To address this, some studies have proposed combining the sensitivity of PHH3 with machine learning tools to assist clinicians in annotating MFs more accurately. This approach has been explored in various cancer types, including colon cancer, prostate cancer, and canine breast cancer. However, the impact of PHH3-assisted labeling on inter-rater agreement and model performance has not been thoroughly studied. The authors hypothesized that using PHH3 might lead to a hindsight bias, where more MFs are annotated than would be with H&E alone, potentially affecting model performance during training.

To test this hypothesis, the study involved 13 pathologists who annotated MFs in 20 regions of interest (ROIs) across four tumor types. The pathologists annotated the slides both with and without PHH3 assistance. The resulting annotations were then used to train machine learning models, challenging the assumption that PHH3-assisted labeling provides the best possible ground truth for H&E-stained slides.
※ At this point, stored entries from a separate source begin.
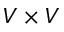<formula> <loc_0><loc_0><loc_500><loc_500>V \times V</formula> 
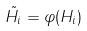Convert formula to latex. <formula><loc_0><loc_0><loc_500><loc_500>\tilde { H _ { i } } = \varphi ( H _ { i } )</formula> 
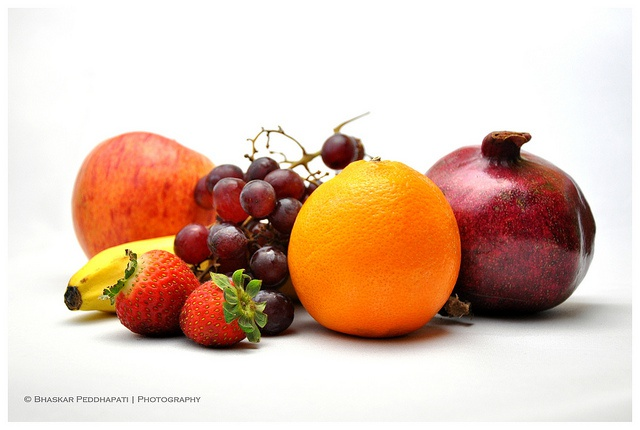Describe the objects in this image and their specific colors. I can see orange in white, red, orange, and gold tones, apple in white, red, and salmon tones, and banana in white, yellow, orange, gold, and olive tones in this image. 
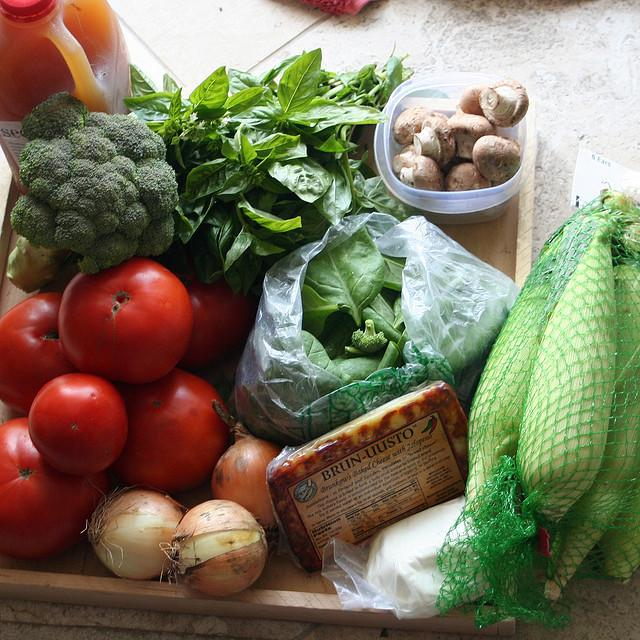What category of food is this?

Choices:
A) vegetables
B) grains
C) meats
D) taco vegetables 
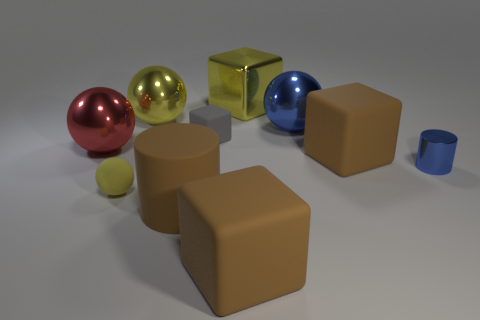There is a blue thing that is to the left of the shiny cylinder; what size is it?
Keep it short and to the point. Large. How many other big metallic objects have the same shape as the gray object?
Offer a very short reply. 1. The small gray rubber thing is what shape?
Your answer should be very brief. Cube. How big is the cube that is to the left of the brown rubber block in front of the brown matte cylinder?
Provide a succinct answer. Small. What number of objects are either large blue metal things or rubber cylinders?
Ensure brevity in your answer.  2. Is the shape of the big blue metallic thing the same as the gray thing?
Give a very brief answer. No. Is there a tiny purple sphere made of the same material as the tiny gray block?
Offer a terse response. No. There is a big brown rubber object that is behind the yellow matte object; is there a big blue ball to the right of it?
Provide a short and direct response. No. There is a sphere on the right side of the brown cylinder; does it have the same size as the yellow block?
Keep it short and to the point. Yes. The blue metallic sphere has what size?
Provide a short and direct response. Large. 
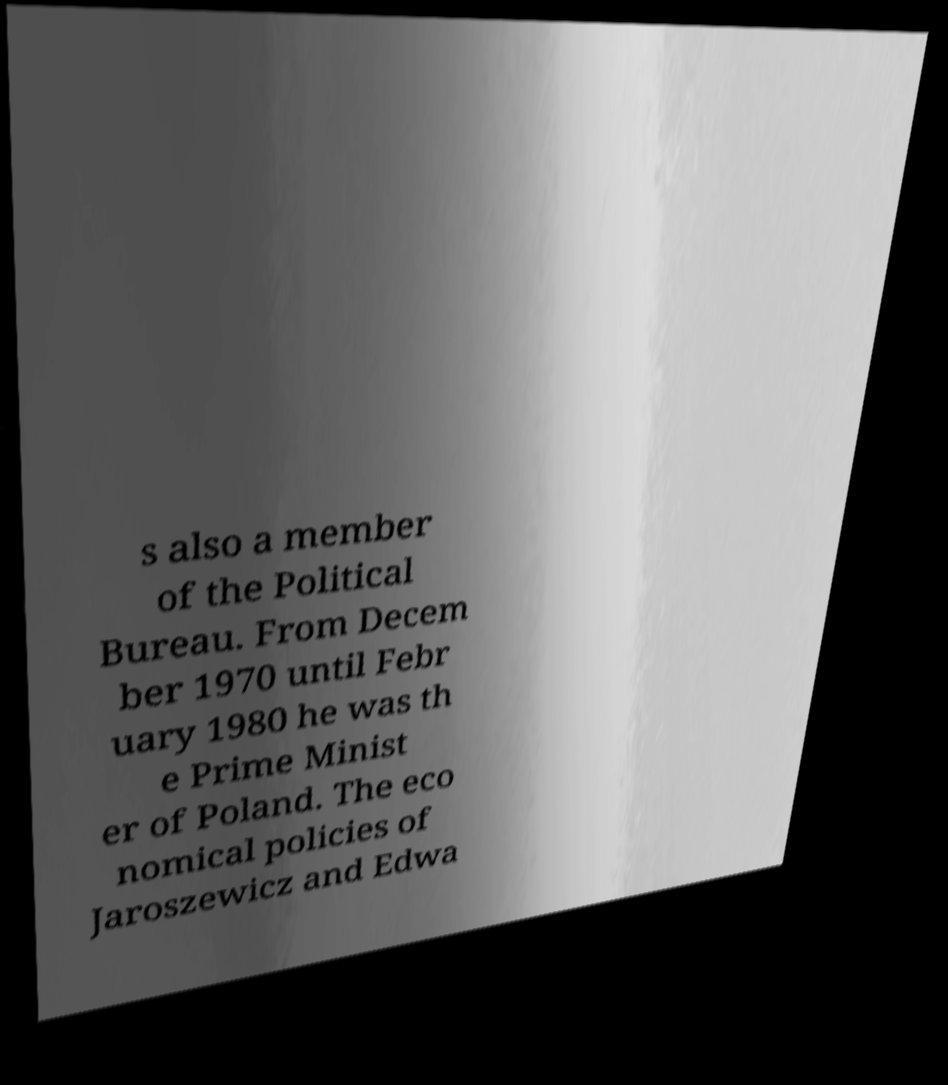For documentation purposes, I need the text within this image transcribed. Could you provide that? s also a member of the Political Bureau. From Decem ber 1970 until Febr uary 1980 he was th e Prime Minist er of Poland. The eco nomical policies of Jaroszewicz and Edwa

The study used the MIDOG dataset (from the 2022 MIDOG challenge) to train detectors. This dataset included 10 samples representing various cancers (e.g., canine hemangiosarcoma, feline lymphoma, human astrocytoma). The models were trained with annotations from both H&E-only slides and PHH3-assisted slides. The results showed that while PHH3-assisted labeling led to higher object-level agreement between pathologists, it did not improve the performance of H&E-based models. In fact, the H&E-only models performed better when trained with annotations from H&E-stained slides alone. Additionally, a dual-stain detector—trained on both H&E and PHH3 annotations—revealed that the additional information from PHH3 led to mismatches between the two stain types, further emphasizing the need for better labeling procedures.

The study concludes that while PHH3-assisted labeling may offer some benefits in terms of annotation consistency, it does not automatically improve model performance when applied to H&E-stained slides. The researchers suggest that an improved approach to PHH3-assisted labeling is needed to optimize model training and reduce biases introduced by PHH3.